GUARANTEE (NOT TO BE USED FOR SIGNATURE GUARANTEE)

The undersigned, a firm that is a member in good standing of a recognized Medallion Program approved by the Securities Transfer Association, Inc., including the Securities Transfer Agents Medallion Program, NASDAQ OMX Group, Inc., Medallion Signature Program, the Stock Exchange Medallion Program, or an “eligible guarantor institution,” as the term is defined in Rule 17Ad-15 under the Securities Exchange Act of 1934, as amended (the “Exchange Act”), hereby guarantees (1) the above named person(s) “own(s)” the Common Shares tendered hereby within the meaning of Rule 14e-4 under the Exchange Act, (2) such tender of Common Shares complies with Rule 14e-4 under the Exchange Act and (3) it will deliver to the Depositary either the certificates representing the Common Shares tendered hereby, in proper form for transfer, or confirmation of book-entry transfer of such Common Shares into the Depositary’s account at DTC (as defined in the Offer to Purchase), in any such case, together with a properly completed and duly executed Letter of Transmittal, or a manually signed facsimile of the Letter of Transmittal, or an Agent’s Message (as defined in the Offer to Purchase) in the case of a book-entry transfer, and any required signature guarantees and other documents required by the Letter of Transmittal, within three business days (as defined in the Offer to Purchase) after the date of receipt by the Depositary of this Notice of Guaranteed Delivery.
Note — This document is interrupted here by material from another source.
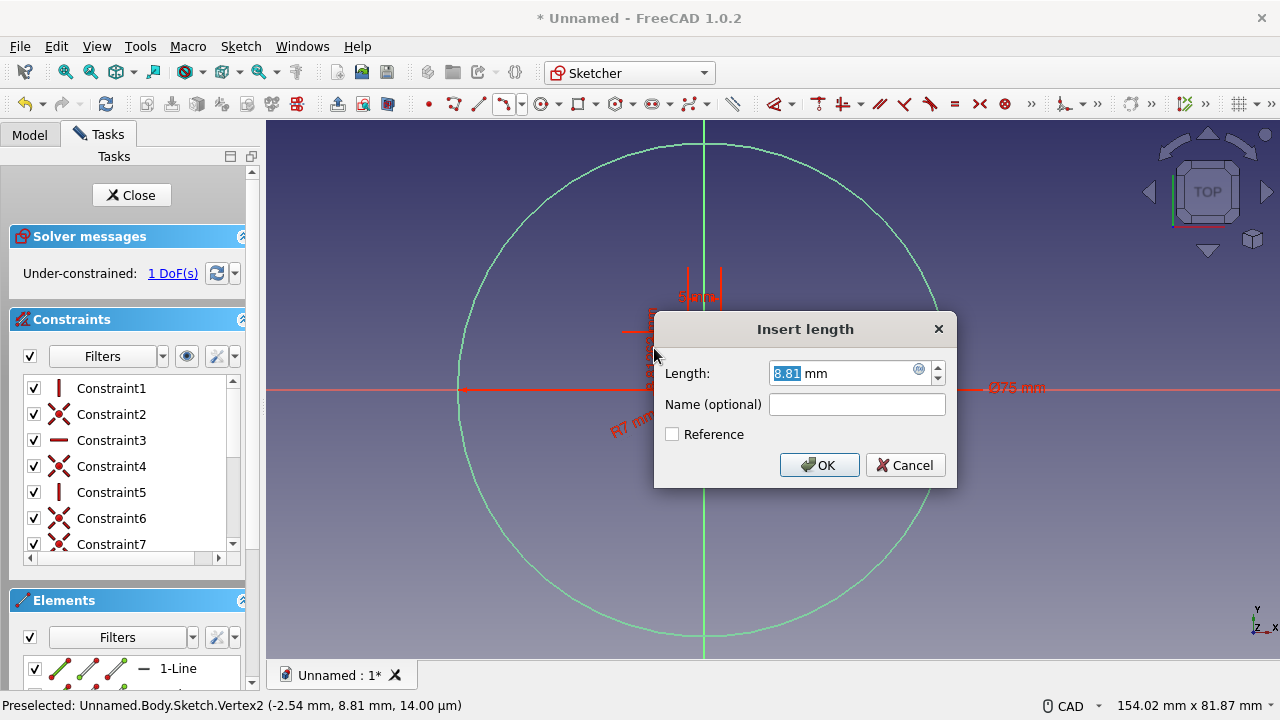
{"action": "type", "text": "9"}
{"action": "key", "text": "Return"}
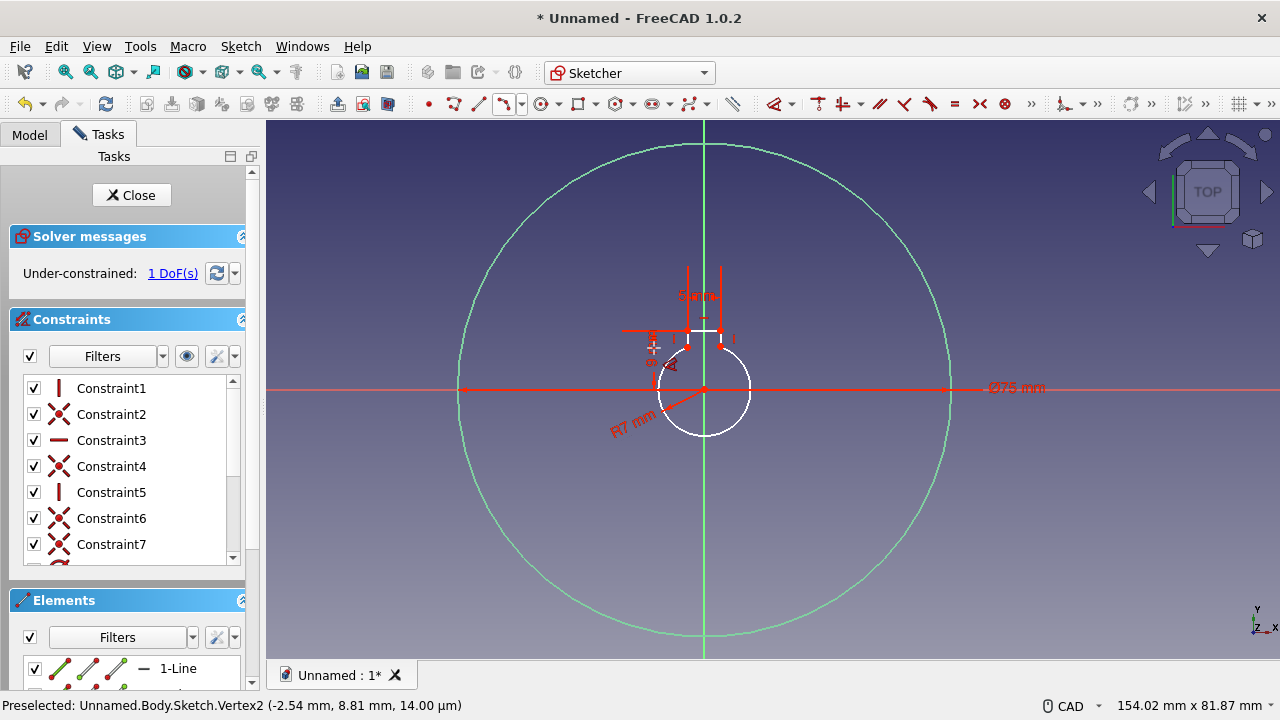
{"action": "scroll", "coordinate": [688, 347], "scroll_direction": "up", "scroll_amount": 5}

The Eligible Institution that completes this form must communicate the guarantee to the Depositary and must deliver the Letter of Transmittal and certificates for Common Shares to the Depositary within the time period shown herein. Failure to do so could result in financial loss to such Eligible Institution.

 

  Authorized Signature:      
  Date:      
  Name:      
  Title:      
  Member Firm:      
  Address:      
  Telephone:      
  Medallion Stamp:      

NOTE:

DO NOT SEND CERTIFICATES FOR COMMON SHARES WITH THIS NOTICE.

CERTIFICATES FOR COMMON SHARES SHOULD BE SENT WITH YOUR LETTER OF TRANSMITTAL.